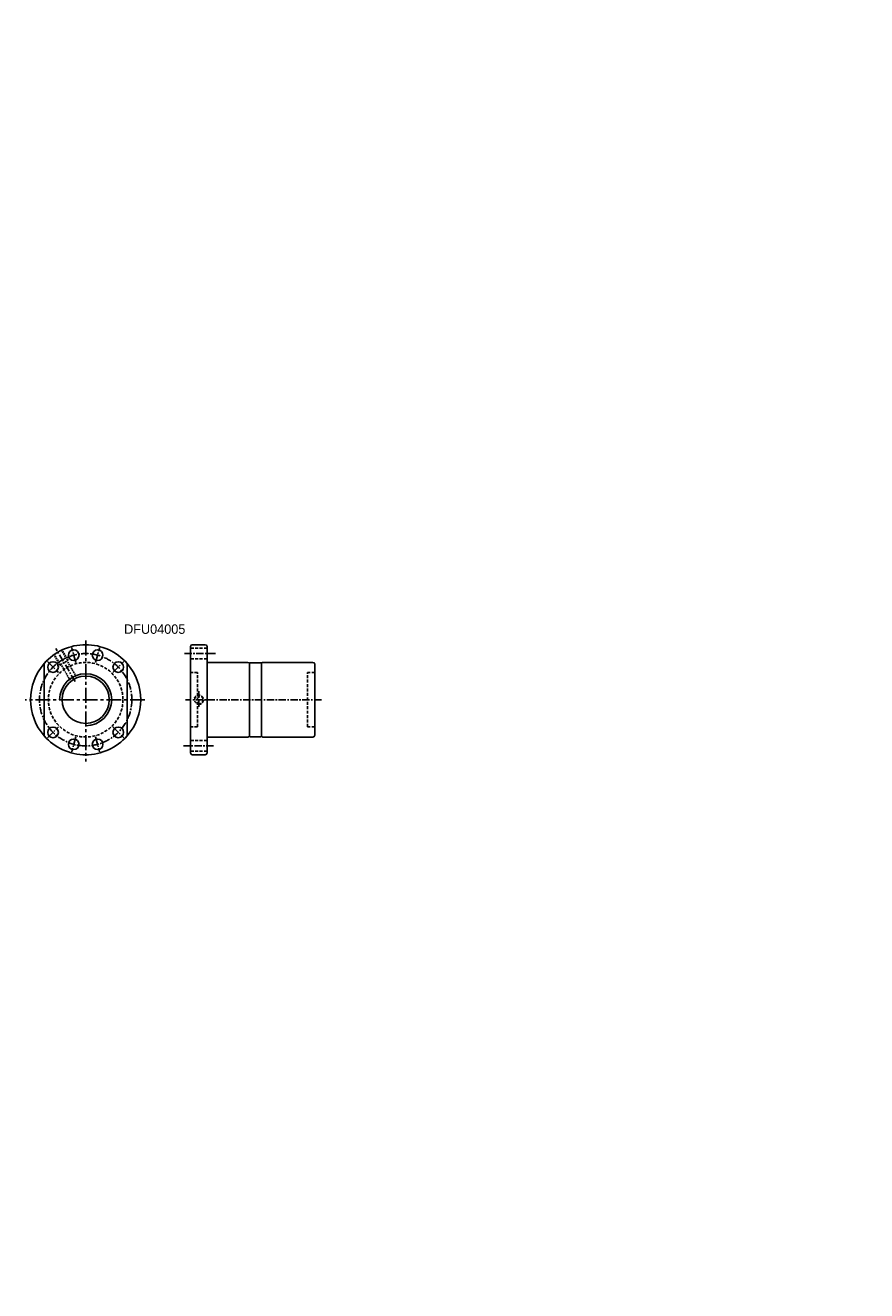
# Model space of a CAD drawing. Extents: x 45 to 756, y -359 to 710.
import ezdxf

# ---------------------------------------------------------------- set-up
doc = ezdxf.new("R2010")
doc.units = 0
doc.header["$MEASUREMENT"] = 0
doc.header["$PDMODE"] = 1
for name, pattern in [('CENTER', [2, 1.25, -0.25, 0.25, -0.25]), ('CL-5', [7.1, 5, -1, 0.1, -1]), ('DASHED', [0.75, 0.5, -0.25]), ('HIDDEN', [0.375, 0.25, -0.125])]:
    doc.linetypes.add(name, pattern=pattern)
for name, color, linetype in [('CHA', 2, 'CONTINUOUS'), ('CL', 1, 'CL-5'), ('DIM', 4, 'CONTINUOUS'), ('HID', 2, 'HIDDEN'), ('OUT', 3, 'CONTINUOUS')]:
    doc.layers.add(name, color=color, linetype=linetype)
doc.styles.add('DIM-7', font='SIMPLEX.shx', dxfattribs={"width": 0.7, "bigfont": 'chineset.shx'})

# ---------------------------------------------------------------- blocks, each defined once
blk = doc.blocks.new('salomechen')
at = {"layer": 'DIM', "color": 4, "insert": (137.9, 152.3), "char_height": 3, "attachment_point": 1, "style": 'DIM-7'}
blk.add_mtext('\\A1;', dxfattribs=at)

msp = doc.modelspace()

# ---------------------------------------------------------------- linework, layer by layer
at = {"layer": 'CL', "color": 7, "linetype": 'CENTER', "ltscale": 5}
for p, q in [((87.2, 155.7), (71, 183.5)), ((87.8, 171.7), (84.4, 184.2)), ((104.6, 171.7), (108, 184.2)), ((64, 172.5), (73.2, 163.3)), ((119.2, 163.3), (128.4, 172.5)), ((205.9, 179.3), (179.6, 179.3)), ((295.5, 140.3), (180.7, 140.3)), ((191.8, 134.4), (191.8, 147.6)), ((64, 108.1), (73.2, 117.3)), ((87.8, 108.9), (84.4, 96.3)), ((104.6, 108.9), (108, 96.3)), ((119.2, 117.3), (128.4, 108.1)), ((204.3, 101.3), (179, 101.3))]:
    msp.add_line(p, q, dxfattribs=at)
at = {"layer": 'CL', "color": 7, "linetype": 'CENTER', "ltscale": 10}
for p, q in [((96.2, 190.3), (96.2, 88.2)), ((146.2, 140.3), (45.2, 140.3))]:
    msp.add_line(p, q, dxfattribs=at)
at = {"layer": 'CL', "color": 7, "linetype": 'CENTER', "ltscale": 5}
msp.add_circle((96.2, 140.3), 39, dxfattribs=at)
at = {"layer": 'CL', "color": 0, "linetype": 'ByBlock'}
for p in [(756.3, 421.8), (127.8, 192.4)]:
    msp.add_point(p, dxfattribs=at)
at = {"layer": 'DIM', "color": 7}
msp.add_circle((96.2, 140.3), 20, dxfattribs=at)
msp.add_arc((96.2, 140.3), 22, 270, 180, dxfattribs=at)
at = {"layer": 'DIM'}
for p in [(308, 130.4), (110.5, -359.2)]:
    msp.add_point(p, dxfattribs=at)
at = {"layer": 'HID', "color": 7, "ltscale": 5}
for p, q in [((80.9, 173.4), (75.8, 182.1)), ((81.3, 173.7), (76.3, 182.3)), ((74.4, 169.6), (69.4, 178.3)), ((74.8, 169.9), (69.8, 178.5)), ((81.3, 173.7), (74.4, 169.6)), ((88.3, 159.8), (80.4, 173.2)), ((83.1, 156.7), (75.3, 170.1))]:
    msp.add_line(p, q, dxfattribs=at)
at = {"layer": 'HID', "color": 7, "ltscale": 10}
for p, q in [((198.8, 183.8), (184.8, 183.8)), ((198.8, 174.8), (184.8, 174.8)), ((198.8, 105.8), (184.8, 105.8)), ((198.8, 96.8), (184.8, 96.8))]:
    msp.add_line(p, q, dxfattribs=at)
at = {"layer": 'HID', "color": 7, "linetype": 'DASHED', "ltscale": 5}
for p, q in [((190.8, 163.3), (184.8, 163.3)), ((190.8, 117.3), (190.8, 163.3)), ((283.8, 117.3), (283.8, 163.3)), ((289.8, 163.3), (283.8, 163.3)), ((190.8, 117.3), (184.8, 117.3)), ((289.8, 117.3), (283.8, 117.3))]:
    msp.add_line(p, q, dxfattribs=at)
for centre, radius in [((96.2, 140.3), 31.5), ((191.8, 140.3), 3.5)]:
    msp.add_circle(centre, radius, dxfattribs=at)
msp.add_arc((191.8, 140.3), 4, 270, 180, dxfattribs=at)
at = {"layer": 'OUT', "color": 7, "linetype": 'Continuous', "ltscale": 5}
for p, q in [((184.8, 95.3), (184.8, 185.3)), ((198.8, 95.3), (198.8, 185.3)), ((233.3, 171.8), (198.8, 171.8)), ((244.3, 171.5), (235.3, 171.5)), ((288.3, 171.8), (245.8, 171.8)), ((234.8, 109.5), (234.8, 171)), ((234.8, 110.3), (234.8, 170.3)), ((244.8, 109.5), (244.8, 171)), ((244.8, 109.8), (244.8, 170.8)), ((289.8, 110.3), (289.8, 170.3)), ((233.3, 108.8), (198.8, 108.8)), ((235.3, 109), (244.3, 109)), ((288.3, 108.8), (245.8, 108.8))]:
    msp.add_line(p, q, dxfattribs=at)
at = {"layer": 'OUT', "color": 7}
for p, q in [((186.3, 186.8), (197.3, 186.8)), ((186.3, 93.8), (197.3, 93.8))]:
    msp.add_line(p, q, dxfattribs=at)
at = {"layer": 'OUT', "color": 7, "ltscale": 10}
for p, q in [((61.2, 170.9), (61.2, 109.7)), ((131.2, 170.9), (131.2, 109.7))]:
    msp.add_line(p, q, dxfattribs=at)
at = {"layer": 'OUT', "color": 7}
for centre in [(86.1, 178), (106.3, 178), (68.6, 167.9), (123.8, 167.9), (68.6, 112.7), (86.1, 102.6), (106.3, 102.6), (123.8, 112.7)]:
    msp.add_circle(centre, 4.5, dxfattribs=at)
for start, end in [(41.1762, 138.8238), (138.8238, 221.1762), (318.8238, 41.1762), (221.1762, 318.8238)]:
    msp.add_arc((96.2, 140.3), 46.5, start, end, dxfattribs=at)
at = {"layer": 'OUT', "color": 7, "linetype": 'Continuous', "ltscale": 5}
for centre, radius, start, end in [((186.3, 185.3), 1.5, 90, 180), ((197.3, 185.3), 1.5, 0, 90), ((233.3, 170.3), 1.5, 0, 90), ((235.3, 171), 0.5, 90, 180), ((244.3, 171), 0.5, 0, 90), ((245.8, 170.8), 1, 90, 180), ((288.3, 170.3), 1.5, 0, 90), ((288.3, 170.3), 1.5, 0, 90), ((233.3, 110.3), 1.5, 270, 0), ((235.3, 109.5), 0.5, 180, 270), ((244.3, 109.5), 0.5, 270, 0), ((245.8, 109.8), 1, 180, 270), ((288.3, 110.3), 1.5, 270, 0), ((186.3, 95.3), 1.5, 180, 270), ((197.3, 95.3), 1.5, 270, 0)]:
    msp.add_arc(centre, radius, start, end, dxfattribs=at)

# ---------------------------------------------------------------- block references
at = {"layer": 'CHA'}
msp.add_blockref('salomechen', (-0.7, 558), dxfattribs=at)

# ---------------------------------------------------------------- texts
at = {"layer": 'DIM', "color": 7}
msp.add_text('DFU04005', height=8, dxfattribs=at).set_placement((128.7, 196))

doc.saveas('drawing.dxf')

_What you are asked to do_
Only lines that include "centre" belong in the answer; return them from the entries above.

_Task answer_
for centre, radius in [((96.2, 140.3), 31.5), ((191.8, 140.3), 3.5)]:
    msp.add_circle(centre, radius, dxfattribs=at)
for centre in [(86.1, 178), (106.3, 178), (68.6, 167.9), (123.8, 167.9), (68.6, 112.7), (86.1, 102.6), (106.3, 102.6), (123.8, 112.7)]:
    msp.add_circle(centre, 4.5, dxfattribs=at)
for centre, radius, start, end in [((186.3, 185.3), 1.5, 90, 180), ((197.3, 185.3), 1.5, 0, 90), ((233.3, 170.3), 1.5, 0, 90), ((235.3, 171), 0.5, 90, 180), ((244.3, 171), 0.5, 0, 90), ((245.8, 170.8), 1, 90, 180), ((288.3, 170.3), 1.5, 0, 90), ((288.3, 170.3), 1.5, 0, 90), ((233.3, 110.3), 1.5, 270, 0), ((235.3, 109.5), 0.5, 180, 270), ((244.3, 109.5), 0.5, 270, 0), ((245.8, 109.8), 1, 180, 270), ((288.3, 110.3), 1.5, 270, 0), ((186.3, 95.3), 1.5, 180, 270), ((197.3, 95.3), 1.5, 270, 0)]:
    msp.add_arc(centre, radius, start, end, dxfattribs=at)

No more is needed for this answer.